= Beginning of Section =
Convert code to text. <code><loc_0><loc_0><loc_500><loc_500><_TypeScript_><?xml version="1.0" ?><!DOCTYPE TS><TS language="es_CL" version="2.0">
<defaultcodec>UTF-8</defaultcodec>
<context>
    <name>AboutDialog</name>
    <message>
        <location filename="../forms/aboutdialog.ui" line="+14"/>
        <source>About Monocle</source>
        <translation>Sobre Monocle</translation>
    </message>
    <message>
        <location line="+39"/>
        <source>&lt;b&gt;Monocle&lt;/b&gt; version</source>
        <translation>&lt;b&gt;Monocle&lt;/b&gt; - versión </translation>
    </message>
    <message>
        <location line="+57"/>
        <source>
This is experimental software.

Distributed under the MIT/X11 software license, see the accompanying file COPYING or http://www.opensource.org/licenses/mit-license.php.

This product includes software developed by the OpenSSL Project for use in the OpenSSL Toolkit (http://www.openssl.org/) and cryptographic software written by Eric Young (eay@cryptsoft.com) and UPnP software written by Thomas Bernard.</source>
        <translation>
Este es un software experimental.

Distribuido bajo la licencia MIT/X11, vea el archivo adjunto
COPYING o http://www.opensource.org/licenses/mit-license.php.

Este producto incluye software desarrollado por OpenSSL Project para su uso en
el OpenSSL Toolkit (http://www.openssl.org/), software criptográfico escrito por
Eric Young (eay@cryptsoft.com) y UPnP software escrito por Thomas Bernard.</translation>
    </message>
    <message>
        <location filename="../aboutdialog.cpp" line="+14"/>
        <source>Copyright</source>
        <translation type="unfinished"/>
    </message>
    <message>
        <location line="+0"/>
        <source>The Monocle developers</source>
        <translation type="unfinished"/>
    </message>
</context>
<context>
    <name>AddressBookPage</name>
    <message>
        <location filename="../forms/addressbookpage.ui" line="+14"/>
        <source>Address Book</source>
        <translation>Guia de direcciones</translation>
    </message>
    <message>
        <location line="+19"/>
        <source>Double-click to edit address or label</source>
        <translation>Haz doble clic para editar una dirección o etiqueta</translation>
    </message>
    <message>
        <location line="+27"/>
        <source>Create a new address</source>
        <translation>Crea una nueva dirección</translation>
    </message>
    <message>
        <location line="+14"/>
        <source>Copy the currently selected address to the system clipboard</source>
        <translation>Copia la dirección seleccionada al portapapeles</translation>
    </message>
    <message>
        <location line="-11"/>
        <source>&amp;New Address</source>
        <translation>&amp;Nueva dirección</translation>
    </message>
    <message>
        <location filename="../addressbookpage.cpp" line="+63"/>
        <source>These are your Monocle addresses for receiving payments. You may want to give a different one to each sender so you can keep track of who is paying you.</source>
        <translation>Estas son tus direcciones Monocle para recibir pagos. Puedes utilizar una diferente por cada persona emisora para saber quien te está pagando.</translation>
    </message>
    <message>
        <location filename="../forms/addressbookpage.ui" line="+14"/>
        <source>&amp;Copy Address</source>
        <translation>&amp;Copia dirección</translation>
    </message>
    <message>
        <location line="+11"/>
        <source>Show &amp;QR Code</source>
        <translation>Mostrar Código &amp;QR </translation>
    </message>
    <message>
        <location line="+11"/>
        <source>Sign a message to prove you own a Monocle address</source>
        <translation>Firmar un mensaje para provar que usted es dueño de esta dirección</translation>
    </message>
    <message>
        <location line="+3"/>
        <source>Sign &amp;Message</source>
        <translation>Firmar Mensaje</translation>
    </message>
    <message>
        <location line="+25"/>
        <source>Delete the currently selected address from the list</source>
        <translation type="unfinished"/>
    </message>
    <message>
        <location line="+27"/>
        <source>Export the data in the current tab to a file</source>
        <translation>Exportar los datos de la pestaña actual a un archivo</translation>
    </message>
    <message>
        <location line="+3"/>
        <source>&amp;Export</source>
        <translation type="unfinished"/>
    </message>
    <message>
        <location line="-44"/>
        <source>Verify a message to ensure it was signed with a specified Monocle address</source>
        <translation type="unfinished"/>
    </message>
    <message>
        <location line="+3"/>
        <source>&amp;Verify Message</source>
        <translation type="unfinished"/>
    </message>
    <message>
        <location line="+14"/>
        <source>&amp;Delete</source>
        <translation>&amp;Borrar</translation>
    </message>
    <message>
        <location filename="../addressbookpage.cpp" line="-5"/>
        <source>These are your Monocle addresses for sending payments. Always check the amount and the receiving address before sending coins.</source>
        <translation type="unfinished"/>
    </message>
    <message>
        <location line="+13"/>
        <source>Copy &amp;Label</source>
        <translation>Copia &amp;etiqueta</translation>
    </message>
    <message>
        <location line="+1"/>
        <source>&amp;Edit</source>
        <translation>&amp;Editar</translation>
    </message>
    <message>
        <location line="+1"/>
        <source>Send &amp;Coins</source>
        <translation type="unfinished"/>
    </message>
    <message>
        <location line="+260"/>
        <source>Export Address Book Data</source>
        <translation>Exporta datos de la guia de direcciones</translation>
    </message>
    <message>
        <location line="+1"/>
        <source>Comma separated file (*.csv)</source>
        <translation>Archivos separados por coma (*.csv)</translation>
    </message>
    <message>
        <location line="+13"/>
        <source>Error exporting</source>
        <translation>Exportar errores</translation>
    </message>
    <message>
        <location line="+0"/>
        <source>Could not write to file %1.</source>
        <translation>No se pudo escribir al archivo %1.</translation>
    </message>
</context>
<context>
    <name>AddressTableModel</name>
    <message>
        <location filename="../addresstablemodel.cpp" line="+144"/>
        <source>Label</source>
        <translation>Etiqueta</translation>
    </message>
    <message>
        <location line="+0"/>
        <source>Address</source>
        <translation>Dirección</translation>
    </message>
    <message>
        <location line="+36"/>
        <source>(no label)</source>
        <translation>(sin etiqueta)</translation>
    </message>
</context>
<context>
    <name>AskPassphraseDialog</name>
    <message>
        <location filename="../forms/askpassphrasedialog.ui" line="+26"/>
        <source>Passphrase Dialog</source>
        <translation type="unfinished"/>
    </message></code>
= End of Section =
## ASSIGNMENT
Give an exact copy of the lines above, from the top of the records to the line that contains "<source>&lt;b&gt;Monocle&lt;/b&gt; version</source>", taking in both ends.

## WRITTEN ANSWER
Convert code to text. <code><loc_0><loc_0><loc_500><loc_500><_TypeScript_><?xml version="1.0" ?><!DOCTYPE TS><TS language="es_CL" version="2.0">
<defaultcodec>UTF-8</defaultcodec>
<context>
    <name>AboutDialog</name>
    <message>
        <location filename="../forms/aboutdialog.ui" line="+14"/>
        <source>About Monocle</source>
        <translation>Sobre Monocle</translation>
    </message>
    <message>
        <location line="+39"/>
        <source>&lt;b&gt;Monocle&lt;/b&gt; version</source>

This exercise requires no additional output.